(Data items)
|---|

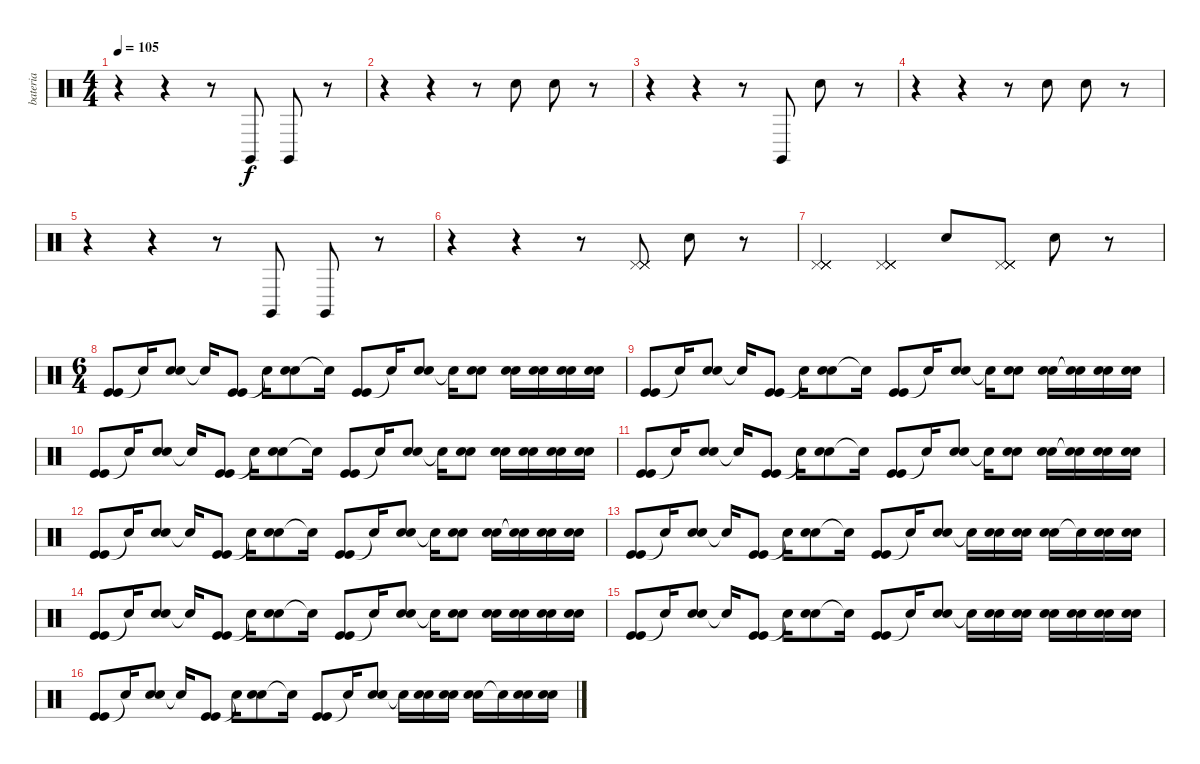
\track ("bateria" "bateria") {instrument percussion}
\staff {score}
\articulation defaults
\ts (4 4)
\tempo 105
\clef neutral
\ks c
r.4{dy f} r.4 r.8 "Claves (hit)".8 "Claves (hit)".8 r.8 |
r.4 r.4 r.8 "Electric Snare (hit)".8 "Electric Snare (hit)".8 r.8 |
r.4 r.4 r.8 "Claves (hit)".8 "Electric Snare (hit)".8 r.8 |
r.4 r.4 r.8 "Electric Snare (hit)".8 "Electric Snare (hit)".8 r.8 |
r.4 r.4 r.8 "Claves (hit)".8 "Claves (hit)".8 r.8 |
r.4 r.4 r.8 ("Pedal Hi-Hat (hit)" "Pedal Hi-Hat (hit)" "Pedal Hi-Hat (hit)" "Pedal Hi-Hat (hit)").8 "Electric Snare (hit)".8 r.8 |
("Pedal Hi-Hat (hit)" "Pedal Hi-Hat (hit)" "Pedal Hi-Hat (hit)" "Pedal Hi-Hat (hit)" "Pedal Hi-Hat (hit)").4 ("Pedal Hi-Hat (hit)" "Pedal Hi-Hat (hit)" "Pedal Hi-Hat (hit)" "Pedal Hi-Hat (hit)" "Pedal Hi-Hat (hit)").4 "Snare (hit) 2".8 ("Pedal Hi-Hat (hit)" "Pedal Hi-Hat (hit)" "Pedal Hi-Hat (hit)" "Pedal Hi-Hat (hit)" "Pedal Hi-Hat (hit)").8 "Electric Snare (hit)".8 r.8 |
\ts (6 4)
("Kick (hit)" "Kick (hit)").8 "Snare (hit)"{t}.16 ("Snare (hit) 2" "Snare (hit) 2").8 "Snare (hit)"{t}.16 ("Kick (hit)" "Kick (hit)").8 "Snare (hit)"{t}.16 ("Snare (hit) 2" "Snare (hit) 2").8 "Snare (hit)"{t}.16 ("Kick (hit)" "Kick (hit)").8 "Snare (hit)"{t}.16 ("Snare (hit) 2" "Snare (hit) 2").8 "Snare (hit)"{t}.16 ("Snare (hit) 2" "Snare (hit) 2").8 ("Snare (hit) 2" "Snare (hit) 2").16 ("Snare (hit) 2" "Snare (hit) 2").16 ("Snare (hit) 2" "Snare (hit) 2").16 ("Snare (hit) 2" "Snare (hit) 2").16 |
("Kick (hit)" "Kick (hit)").8 "Snare (hit)"{t}.16 ("Snare (hit) 2" "Snare (hit) 2").8 "Snare (hit)"{t}.16 ("Kick (hit)" "Kick (hit)").8 "Snare (hit)"{t}.16 ("Snare (hit) 2" "Snare (hit) 2").8 "Snare (hit)"{t}.16 ("Kick (hit)" "Kick (hit)").8 "Snare (hit)"{t}.16 ("Snare (hit) 2" "Snare (hit) 2").8 "Snare (hit)"{t}.16 ("Snare (hit) 2" "Snare (hit) 2").8 ("Snare (hit) 2" "Snare (hit) 2").16 ("Snare (hit) 2"{t} "Snare (hit) 2"{t}).16 ("Snare (hit) 2" "Snare (hit) 2").16 ("Snare (hit) 2" "Snare (hit) 2").16 |
("Kick (hit)" "Kick (hit)").8 "Snare (hit)"{t}.16 ("Snare (hit) 2" "Snare (hit) 2").8 "Snare (hit)"{t}.16 ("Kick (hit)" "Kick (hit)").8 "Snare (hit)"{t}.16 ("Snare (hit) 2" "Snare (hit) 2").8 "Snare (hit)"{t}.16 ("Kick (hit)" "Kick (hit)").8 "Snare (hit)"{t}.16 ("Snare (hit) 2" "Snare (hit) 2").8 "Snare (hit)"{t}.16 ("Snare (hit) 2" "Snare (hit) 2").8 ("Snare (hit) 2" "Snare (hit) 2").16 ("Snare (hit) 2" "Snare (hit) 2").16 ("Snare (hit) 2" "Snare (hit) 2").16 ("Snare (hit) 2" "Snare (hit) 2").16 |
("Kick (hit)" "Kick (hit)").8 "Snare (hit)"{t}.16 ("Snare (hit) 2" "Snare (hit) 2").8 "Snare (hit)"{t}.16 ("Kick (hit)" "Kick (hit)").8 "Snare (hit)"{t}.16 ("Snare (hit) 2" "Snare (hit) 2").8 "Snare (hit)"{t}.16 ("Kick (hit)" "Kick (hit)").8 "Snare (hit)"{t}.16 ("Snare (hit) 2" "Snare (hit) 2").8 "Snare (hit)"{t}.16 ("Snare (hit) 2" "Snare (hit) 2").8 ("Snare (hit) 2" "Snare (hit) 2").16 ("Snare (hit) 2"{t} "Snare (hit) 2"{t}).16 ("Snare (hit) 2" "Snare (hit) 2").16 ("Snare (hit) 2" "Snare (hit) 2").16 |
("Kick (hit)" "Kick (hit)").8 "Snare (hit)"{t}.16 ("Snare (hit) 2" "Snare (hit) 2").8 "Snare (hit)"{t}.16 ("Kick (hit)" "Kick (hit)").8 "Snare (hit)"{t}.16 ("Snare (hit) 2" "Snare (hit) 2").8 "Snare (hit)"{t}.16 ("Kick (hit)" "Kick (hit)").8 "Snare (hit)"{t}.16 ("Snare (hit) 2" "Snare (hit) 2").8 "Snare (hit)"{t}.16 ("Snare (hit) 2" "Snare (hit) 2").8 ("Snare (hit) 2" "Snare (hit) 2").16 ("Snare (hit) 2"{t} "Snare (hit) 2"{t}).16 ("Snare (hit) 2" "Snare (hit) 2").16 ("Snare (hit) 2" "Snare (hit) 2").16 |
("Kick (hit)" "Kick (hit)").8 "Snare (hit)"{t}.16 ("Snare (hit) 2" "Snare (hit) 2").8 "Snare (hit)"{t}.16 ("Kick (hit)" "Kick (hit)").8 "Snare (hit)"{t}.16 ("Snare (hit) 2" "Snare (hit) 2").8 "Snare (hit)"{t}.16 ("Kick (hit)" "Kick (hit)").8 "Snare (hit)"{t}.16 ("Snare (hit) 2" "Snare (hit) 2").8 "Snare (hit)"{t}.16 ("Snare (hit) 2" "Snare (hit) 2").16 ("Snare (hit) 2" "Snare (hit) 2").16 ("Snare (hit) 2" "Snare (hit) 2").16 "Snare (hit)"{t}.16 ("Snare (hit) 2" "Snare (hit) 2").16 ("Snare (hit) 2" "Snare (hit) 2").16 |
("Kick (hit)" "Kick (hit)").8 "Snare (hit)"{t}.16 ("Snare (hit) 2" "Snare (hit) 2").8 "Snare (hit)"{t}.16 ("Kick (hit)" "Kick (hit)").8 "Snare (hit)"{t}.16 ("Snare (hit) 2" "Snare (hit) 2").8 "Snare (hit)"{t}.16 ("Kick (hit)" "Kick (hit)").8 "Snare (hit)"{t}.16 ("Snare (hit) 2" "Snare (hit) 2").8 "Snare (hit)"{t}.16 ("Snare (hit) 2" "Snare (hit) 2").8 ("Snare (hit) 2" "Snare (hit) 2").16 ("Snare (hit) 2" "Snare (hit) 2").16 ("Snare (hit) 2" "Snare (hit) 2").16 ("Snare (hit) 2" "Snare (hit) 2").16 |
("Kick (hit)" "Kick (hit)").8 "Snare (hit)"{t}.16 ("Snare (hit) 2" "Snare (hit) 2").8 "Snare (hit)"{t}.16 ("Kick (hit)" "Kick (hit)").8 "Snare (hit)"{t}.16 ("Snare (hit) 2" "Snare (hit) 2").8 "Snare (hit)"{t}.16 ("Kick (hit)" "Kick (hit)").8 "Snare (hit)"{t}.16 ("Snare (hit) 2" "Snare (hit) 2").8 "Snare (hit)"{t}.16 ("Snare (hit) 2" "Snare (hit) 2").16 ("Snare (hit) 2" "Snare (hit) 2").16 ("Snare (hit) 2" "Snare (hit) 2").16 ("Snare (hit) 2" "Snare (hit) 2").16 ("Snare (hit) 2" "Snare (hit) 2").16 ("Snare (hit) 2" "Snare (hit) 2").16 |
("Kick (hit)" "Kick (hit)").8 "Snare (hit)"{t}.16 ("Snare (hit) 2" "Snare (hit) 2").8 "Snare (hit)"{t}.16 ("Kick (hit)" "Kick (hit)").8 "Snare (hit)"{t}.16 ("Snare (hit) 2" "Snare (hit) 2").8 "Snare (hit)"{t}.16 ("Kick (hit)" "Kick (hit)").8 "Snare (hit)"{t}.16 ("Snare (hit) 2" "Snare (hit) 2").8 "Snare (hit)"{t}.16 ("Snare (hit) 2" "Snare (hit) 2").16 ("Snare (hit) 2" "Snare (hit) 2").16 ("Snare (hit) 2" "Snare (hit) 2").16 "Snare (hit)"{t}.16 ("Snare (hit) 2" "Snare (hit) 2").16 ("Snare (hit) 2" "Snare (hit) 2").16
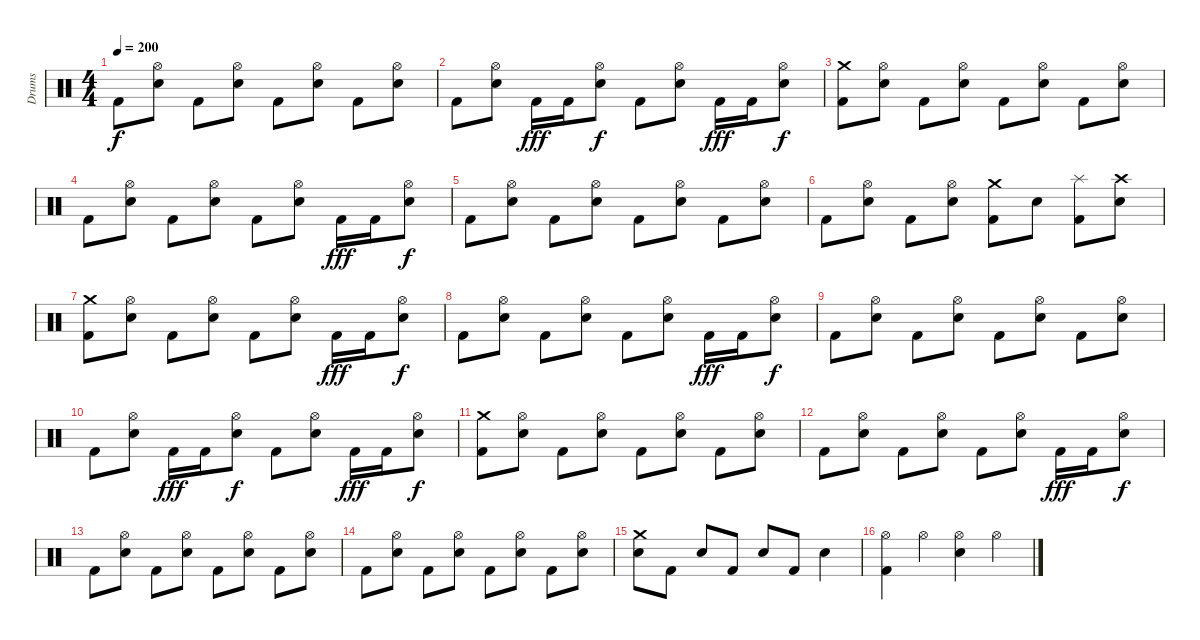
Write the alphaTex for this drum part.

\track ("Drums" "Drums") {instrument percussion}
\staff {score}
\articulation defaults
\ts (4 4)
\tempo 200
\clef neutral
\ks c "Kick (hit) 2".8{dy f}
("Hi-Hat (open)" "Snare (hit) 2").8 "Kick (hit) 2".8 ("Hi-Hat (open)" "Snare (hit) 2").8 "Kick (hit) 2".8 ("Hi-Hat (open)" "Snare (hit) 2").8 "Kick (hit) 2".8 ("Hi-Hat (open)" "Snare (hit) 2").8 |
"Kick (hit) 2".8 ("Hi-Hat (open)" "Snare (hit) 2").8 "Kick (hit) 2".16{dy fff} "Kick (hit) 2".16 ("Hi-Hat (open)" "Snare (hit) 2").8{dy f} "Kick (hit) 2".8 ("Hi-Hat (open)" "Snare (hit) 2").8 "Kick (hit) 2".16{dy fff} "Kick (hit) 2".16 ("Hi-Hat (open)" "Snare (hit) 2").8{dy f} |
("Crash medium (hit)" "Kick (hit) 2").8 ("Hi-Hat (open)" "Snare (hit) 2").8 "Kick (hit) 2".8 ("Hi-Hat (open)" "Snare (hit) 2").8 "Kick (hit) 2".8 ("Hi-Hat (open)" "Snare (hit) 2").8 "Kick (hit) 2".8 ("Hi-Hat (open)" "Snare (hit) 2").8 |
"Kick (hit) 2".8 ("Hi-Hat (open)" "Snare (hit) 2").8 "Kick (hit) 2".8 ("Hi-Hat (open)" "Snare (hit) 2").8 "Kick (hit) 2".8 ("Hi-Hat (open)" "Snare (hit) 2").8 "Kick (hit) 2".16{dy fff} "Kick (hit) 2".16 ("Hi-Hat (open)" "Snare (hit) 2").8{dy f} |
"Kick (hit) 2".8 ("Hi-Hat (open)" "Snare (hit) 2").8 "Kick (hit) 2".8 ("Hi-Hat (open)" "Snare (hit) 2").8 "Kick (hit) 2".8 ("Hi-Hat (open)" "Snare (hit) 2").8 "Kick (hit) 2".8 ("Hi-Hat (open)" "Snare (hit) 2").8 |
"Kick (hit) 2".8 ("Hi-Hat (open)" "Snare (hit) 2").8 "Kick (hit) 2".8 ("Hi-Hat (open)" "Snare (hit) 2").8 ("Crash medium (hit)" "Kick (hit) 2").8 "Snare (hit) 2".8 ("Splash (hit)" "Kick (hit) 2").8 ("Crash high (hit)" "Snare (hit) 2").8 |
("Crash medium (hit)" "Kick (hit) 2").8 ("Hi-Hat (open)" "Snare (hit) 2").8 "Kick (hit) 2".8 ("Hi-Hat (open)" "Snare (hit) 2").8 "Kick (hit) 2".8 ("Hi-Hat (open)" "Snare (hit) 2").8 "Kick (hit) 2".16{dy fff} "Kick (hit) 2".16 ("Hi-Hat (open)" "Snare (hit) 2").8{dy f} |
"Kick (hit) 2".8 ("Hi-Hat (open)" "Snare (hit) 2").8 "Kick (hit) 2".8 ("Hi-Hat (open)" "Snare (hit) 2").8 "Kick (hit) 2".8 ("Hi-Hat (open)" "Snare (hit) 2").8 "Kick (hit) 2".16{dy fff} "Kick (hit) 2".16 ("Hi-Hat (open)" "Snare (hit) 2").8{dy f} |
"Kick (hit) 2".8 ("Hi-Hat (open)" "Snare (hit) 2").8 "Kick (hit) 2".8 ("Hi-Hat (open)" "Snare (hit) 2").8 "Kick (hit) 2".8 ("Hi-Hat (open)" "Snare (hit) 2").8 "Kick (hit) 2".8 ("Hi-Hat (open)" "Snare (hit) 2").8 |
"Kick (hit) 2".8 ("Hi-Hat (open)" "Snare (hit) 2").8 "Kick (hit) 2".16{dy fff} "Kick (hit) 2".16 ("Hi-Hat (open)" "Snare (hit) 2").8{dy f} "Kick (hit) 2".8 ("Hi-Hat (open)" "Snare (hit) 2").8 "Kick (hit) 2".16{dy fff} "Kick (hit) 2".16 ("Hi-Hat (open)" "Snare (hit) 2").8{dy f} |
("Crash medium (hit)" "Kick (hit) 2").8 ("Hi-Hat (open)" "Snare (hit) 2").8 "Kick (hit) 2".8 ("Hi-Hat (open)" "Snare (hit) 2").8 "Kick (hit) 2".8 ("Hi-Hat (open)" "Snare (hit) 2").8 "Kick (hit) 2".8 ("Hi-Hat (open)" "Snare (hit) 2").8 |
"Kick (hit) 2".8 ("Hi-Hat (open)" "Snare (hit) 2").8 "Kick (hit) 2".8 ("Hi-Hat (open)" "Snare (hit) 2").8 "Kick (hit) 2".8 ("Hi-Hat (open)" "Snare (hit) 2").8 "Kick (hit) 2".16{dy fff} "Kick (hit) 2".16 ("Hi-Hat (open)" "Snare (hit) 2").8{dy f} |
"Kick (hit) 2".8 ("Hi-Hat (open)" "Snare (hit) 2").8 "Kick (hit) 2".8 ("Hi-Hat (open)" "Snare (hit) 2").8 "Kick (hit) 2".8 ("Hi-Hat (open)" "Snare (hit) 2").8 "Kick (hit) 2".8 ("Hi-Hat (open)" "Snare (hit) 2").8 |
"Kick (hit) 2".8 ("Hi-Hat (open)" "Snare (hit) 2").8 "Kick (hit) 2".8 ("Hi-Hat (open)" "Snare (hit) 2").8 "Kick (hit) 2".8 ("Hi-Hat (open)" "Snare (hit) 2").8 "Kick (hit) 2".8 ("Hi-Hat (open)" "Snare (hit) 2").8 |
("Crash medium (hit)" "Snare (hit) 2").8 "Kick (hit) 2".8 "Snare (hit) 2".8 "Kick (hit) 2".8 "Snare (hit) 2".8 "Kick (hit) 2".8 "Snare (hit) 2".4 |
("Hi-Hat (open)" "Kick (hit) 2").4 "Hi-Hat (open)".4 ("Hi-Hat (open)" "Snare (hit) 2").4 "Hi-Hat (open)".4

|---|

**Problem requirements:** The count of lines above that contain "track" is all that should be given.

**Written solution:** 2